Input data: Begin
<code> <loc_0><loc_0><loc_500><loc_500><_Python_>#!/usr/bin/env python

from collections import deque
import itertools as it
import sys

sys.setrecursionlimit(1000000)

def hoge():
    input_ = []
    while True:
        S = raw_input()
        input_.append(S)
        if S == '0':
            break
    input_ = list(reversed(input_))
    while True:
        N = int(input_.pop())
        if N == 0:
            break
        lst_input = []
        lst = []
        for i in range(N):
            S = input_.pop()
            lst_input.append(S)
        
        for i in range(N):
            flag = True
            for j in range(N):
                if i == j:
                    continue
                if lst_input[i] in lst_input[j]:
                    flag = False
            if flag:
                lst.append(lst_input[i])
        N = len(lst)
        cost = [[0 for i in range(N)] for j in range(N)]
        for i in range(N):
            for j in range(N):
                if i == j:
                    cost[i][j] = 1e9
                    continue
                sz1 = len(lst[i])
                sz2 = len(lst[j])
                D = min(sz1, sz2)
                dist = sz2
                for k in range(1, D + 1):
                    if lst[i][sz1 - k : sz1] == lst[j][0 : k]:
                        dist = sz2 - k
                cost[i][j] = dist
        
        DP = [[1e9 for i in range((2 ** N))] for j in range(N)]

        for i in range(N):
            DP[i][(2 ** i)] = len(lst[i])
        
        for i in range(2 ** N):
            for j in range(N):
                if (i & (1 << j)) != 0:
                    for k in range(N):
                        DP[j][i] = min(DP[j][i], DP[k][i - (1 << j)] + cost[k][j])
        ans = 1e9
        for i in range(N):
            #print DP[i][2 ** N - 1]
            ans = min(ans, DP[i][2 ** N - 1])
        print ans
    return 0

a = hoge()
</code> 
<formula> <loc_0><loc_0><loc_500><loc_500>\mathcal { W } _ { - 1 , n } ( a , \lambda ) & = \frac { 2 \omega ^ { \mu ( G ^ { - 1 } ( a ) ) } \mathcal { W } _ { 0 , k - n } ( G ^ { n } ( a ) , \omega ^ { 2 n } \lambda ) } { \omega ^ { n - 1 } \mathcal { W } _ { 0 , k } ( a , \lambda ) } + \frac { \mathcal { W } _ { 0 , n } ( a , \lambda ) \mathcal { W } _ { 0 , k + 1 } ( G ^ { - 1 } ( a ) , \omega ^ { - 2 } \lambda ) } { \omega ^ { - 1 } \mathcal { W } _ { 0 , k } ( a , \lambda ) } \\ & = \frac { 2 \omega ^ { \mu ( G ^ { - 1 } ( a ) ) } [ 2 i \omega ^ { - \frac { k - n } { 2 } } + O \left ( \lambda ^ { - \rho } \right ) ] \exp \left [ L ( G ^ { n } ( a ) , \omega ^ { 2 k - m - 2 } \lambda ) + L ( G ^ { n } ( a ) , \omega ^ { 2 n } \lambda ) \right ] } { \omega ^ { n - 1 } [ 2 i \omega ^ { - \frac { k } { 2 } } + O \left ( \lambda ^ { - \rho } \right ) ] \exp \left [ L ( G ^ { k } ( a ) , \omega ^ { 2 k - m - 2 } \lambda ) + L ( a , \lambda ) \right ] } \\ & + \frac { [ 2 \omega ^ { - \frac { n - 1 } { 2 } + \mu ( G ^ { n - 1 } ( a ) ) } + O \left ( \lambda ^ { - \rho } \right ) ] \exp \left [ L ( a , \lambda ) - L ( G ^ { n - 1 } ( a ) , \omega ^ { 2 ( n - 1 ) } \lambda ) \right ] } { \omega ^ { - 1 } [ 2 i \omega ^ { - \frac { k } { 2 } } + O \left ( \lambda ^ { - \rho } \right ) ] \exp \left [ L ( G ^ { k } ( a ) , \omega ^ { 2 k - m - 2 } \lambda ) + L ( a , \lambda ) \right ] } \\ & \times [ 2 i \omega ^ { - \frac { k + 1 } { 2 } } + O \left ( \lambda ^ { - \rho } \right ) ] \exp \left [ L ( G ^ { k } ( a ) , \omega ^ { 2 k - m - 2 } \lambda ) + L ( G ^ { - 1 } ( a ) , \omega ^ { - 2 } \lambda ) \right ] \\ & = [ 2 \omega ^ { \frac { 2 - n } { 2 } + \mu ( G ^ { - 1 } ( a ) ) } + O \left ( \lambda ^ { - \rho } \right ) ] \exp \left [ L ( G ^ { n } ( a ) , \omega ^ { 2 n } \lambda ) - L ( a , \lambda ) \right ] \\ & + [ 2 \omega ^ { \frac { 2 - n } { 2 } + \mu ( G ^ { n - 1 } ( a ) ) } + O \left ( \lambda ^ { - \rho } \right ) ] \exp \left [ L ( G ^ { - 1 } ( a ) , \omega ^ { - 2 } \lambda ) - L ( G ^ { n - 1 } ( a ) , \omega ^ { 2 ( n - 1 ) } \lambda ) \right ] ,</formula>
Input data: End
[Action item] Set down the records again in full. Match them exactly.

[Exercise solution]
<code> <loc_0><loc_0><loc_500><loc_500><_Python_>#!/usr/bin/env python

from collections import deque
import itertools as it
import sys

sys.setrecursionlimit(1000000)

def hoge():
    input_ = []
    while True:
        S = raw_input()
        input_.append(S)
        if S == '0':
            break
    input_ = list(reversed(input_))
    while True:
        N = int(input_.pop())
        if N == 0:
            break
        lst_input = []
        lst = []
        for i in range(N):
            S = input_.pop()
            lst_input.append(S)
        
        for i in range(N):
            flag = True
            for j in range(N):
                if i == j:
                    continue
                if lst_input[i] in lst_input[j]:
                    flag = False
            if flag:
                lst.append(lst_input[i])
        N = len(lst)
        cost = [[0 for i in range(N)] for j in range(N)]
        for i in range(N):
            for j in range(N):
                if i == j:
                    cost[i][j] = 1e9
                    continue
                sz1 = len(lst[i])
                sz2 = len(lst[j])
                D = min(sz1, sz2)
                dist = sz2
                for k in range(1, D + 1):
                    if lst[i][sz1 - k : sz1] == lst[j][0 : k]:
                        dist = sz2 - k
                cost[i][j] = dist
        
        DP = [[1e9 for i in range((2 ** N))] for j in range(N)]

        for i in range(N):
            DP[i][(2 ** i)] = len(lst[i])
        
        for i in range(2 ** N):
            for j in range(N):
                if (i & (1 << j)) != 0:
                    for k in range(N):
                        DP[j][i] = min(DP[j][i], DP[k][i - (1 << j)] + cost[k][j])
        ans = 1e9
        for i in range(N):
            #print DP[i][2 ** N - 1]
            ans = min(ans, DP[i][2 ** N - 1])
        print ans
    return 0

a = hoge()
</code> 
<formula> <loc_0><loc_0><loc_500><loc_500>\mathcal { W } _ { - 1 , n } ( a , \lambda ) & = \frac { 2 \omega ^ { \mu ( G ^ { - 1 } ( a ) ) } \mathcal { W } _ { 0 , k - n } ( G ^ { n } ( a ) , \omega ^ { 2 n } \lambda ) } { \omega ^ { n - 1 } \mathcal { W } _ { 0 , k } ( a , \lambda ) } + \frac { \mathcal { W } _ { 0 , n } ( a , \lambda ) \mathcal { W } _ { 0 , k + 1 } ( G ^ { - 1 } ( a ) , \omega ^ { - 2 } \lambda ) } { \omega ^ { - 1 } \mathcal { W } _ { 0 , k } ( a , \lambda ) } \\ & = \frac { 2 \omega ^ { \mu ( G ^ { - 1 } ( a ) ) } [ 2 i \omega ^ { - \frac { k - n } { 2 } } + O \left ( \lambda ^ { - \rho } \right ) ] \exp \left [ L ( G ^ { n } ( a ) , \omega ^ { 2 k - m - 2 } \lambda ) + L ( G ^ { n } ( a ) , \omega ^ { 2 n } \lambda ) \right ] } { \omega ^ { n - 1 } [ 2 i \omega ^ { - \frac { k } { 2 } } + O \left ( \lambda ^ { - \rho } \right ) ] \exp \left [ L ( G ^ { k } ( a ) , \omega ^ { 2 k - m - 2 } \lambda ) + L ( a , \lambda ) \right ] } \\ & + \frac { [ 2 \omega ^ { - \frac { n - 1 } { 2 } + \mu ( G ^ { n - 1 } ( a ) ) } + O \left ( \lambda ^ { - \rho } \right ) ] \exp \left [ L ( a , \lambda ) - L ( G ^ { n - 1 } ( a ) , \omega ^ { 2 ( n - 1 ) } \lambda ) \right ] } { \omega ^ { - 1 } [ 2 i \omega ^ { - \frac { k } { 2 } } + O \left ( \lambda ^ { - \rho } \right ) ] \exp \left [ L ( G ^ { k } ( a ) , \omega ^ { 2 k - m - 2 } \lambda ) + L ( a , \lambda ) \right ] } \\ & \times [ 2 i \omega ^ { - \frac { k + 1 } { 2 } } + O \left ( \lambda ^ { - \rho } \right ) ] \exp \left [ L ( G ^ { k } ( a ) , \omega ^ { 2 k - m - 2 } \lambda ) + L ( G ^ { - 1 } ( a ) , \omega ^ { - 2 } \lambda ) \right ] \\ & = [ 2 \omega ^ { \frac { 2 - n } { 2 } + \mu ( G ^ { - 1 } ( a ) ) } + O \left ( \lambda ^ { - \rho } \right ) ] \exp \left [ L ( G ^ { n } ( a ) , \omega ^ { 2 n } \lambda ) - L ( a , \lambda ) \right ] \\ & + [ 2 \omega ^ { \frac { 2 - n } { 2 } + \mu ( G ^ { n - 1 } ( a ) ) } + O \left ( \lambda ^ { - \rho } \right ) ] \exp \left [ L ( G ^ { - 1 } ( a ) , \omega ^ { - 2 } \lambda ) - L ( G ^ { n - 1 } ( a ) , \omega ^ { 2 ( n - 1 ) } \lambda ) \right ] ,</formula>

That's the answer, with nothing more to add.